Nate hoped tonight was the night. He was sick of New York and it made him tired. The thick air was filled with smells — taxi fumes, exotic cooking, the Hudson River, steam from the sidewalk grates — and sounds — blaring horns, sidewalk conversations, the throbbing hum of the city itself. It was sensory overload.

He missed thin air, big skies, vast quiet, and his falcons. He also missed his sense of righteous purpose, and yearned for it in the same way he yearned for Alisha Whiteplume and Haley. He wished that instead of being behind the wheel of a panel van in the middle of more than eight million people he was sitting naked in a tree watching the Twelve Sleep River roll by.

It wasn’t the first time in his life he was completely out of his comfort zone. He could do the job. But he couldn’t convince himself that he would take any satisfaction from it.

* * *

Nate had been sent to assist in the operation, which had been in the planning and reconnaissance phases for weeks. He was not the primary on the job. The primary, code-named Whip, had been in New York for over a month shadowing Bank and casing his habits and movements. Bank was in the midst of his first trial for security fraud and was free for the time being to return to his home in The Dakota on West 72nd each night. Nate had never met Whip, although he’d seen a photo and had been briefed on him.

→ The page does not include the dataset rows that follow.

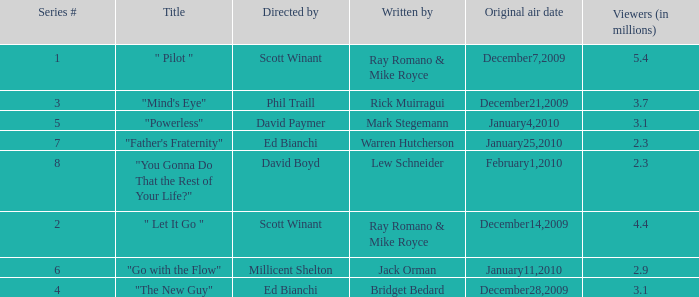When did the episode  "you gonna do that the rest of your life?" air? February1,2010. 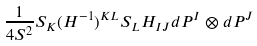<formula> <loc_0><loc_0><loc_500><loc_500>\frac { 1 } { 4 S ^ { 2 } } S _ { K } ( H ^ { - 1 } ) ^ { K L } S _ { L } H _ { I J } d P ^ { I } \otimes d P ^ { J }</formula> 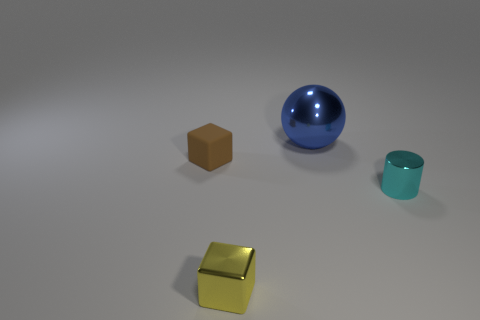Subtract all purple spheres. Subtract all red cubes. How many spheres are left? 1 Add 3 cyan things. How many objects exist? 7 Subtract all spheres. How many objects are left? 3 Add 3 rubber objects. How many rubber objects exist? 4 Subtract 0 gray spheres. How many objects are left? 4 Subtract all yellow rubber objects. Subtract all rubber objects. How many objects are left? 3 Add 3 tiny yellow metallic blocks. How many tiny yellow metallic blocks are left? 4

Whip was a longtime associate in the enterprise, and for most of it the only operator. As far as Nate could discern, Whip knew as little about him as he knew about Whip. They referred to each other by the code names given to them: Whip and The Falcon. Nate wondered if Whip liked the idea of an additional operator in the firm.

So far, Nate’s communications with Whip had been via prepaid throwaway cell phones — a new phone and a new number every day — so neither could be tracked or monitored.

Upon Nate’s arrival in New York, Whip had told him that Bank was literally untouchable during the daytime. He was picked up by federal marshals each morning and delivered to the courthouse of the Southern District of New York, and returned to The Dakota by two private bodyguards. Breaching the security at the building was nearly impossible, Whip said, and the problem with taking down Bank on the street was the proliferation of closed-circuit security cameras in the neighborhood: they were everywhere. Whip said he’d never seen so many cameras anywhere else except London.

Whip’s voice was low and flat, and with a hint of a southern accent that Nate guessed was western Kentucky. Whip didn’t try to get familiar with Nate in any way, and used as few words as possible to convey information. Nate was fine with that, and he guessed Whip had a similar Special Ops background because he used the same jargon.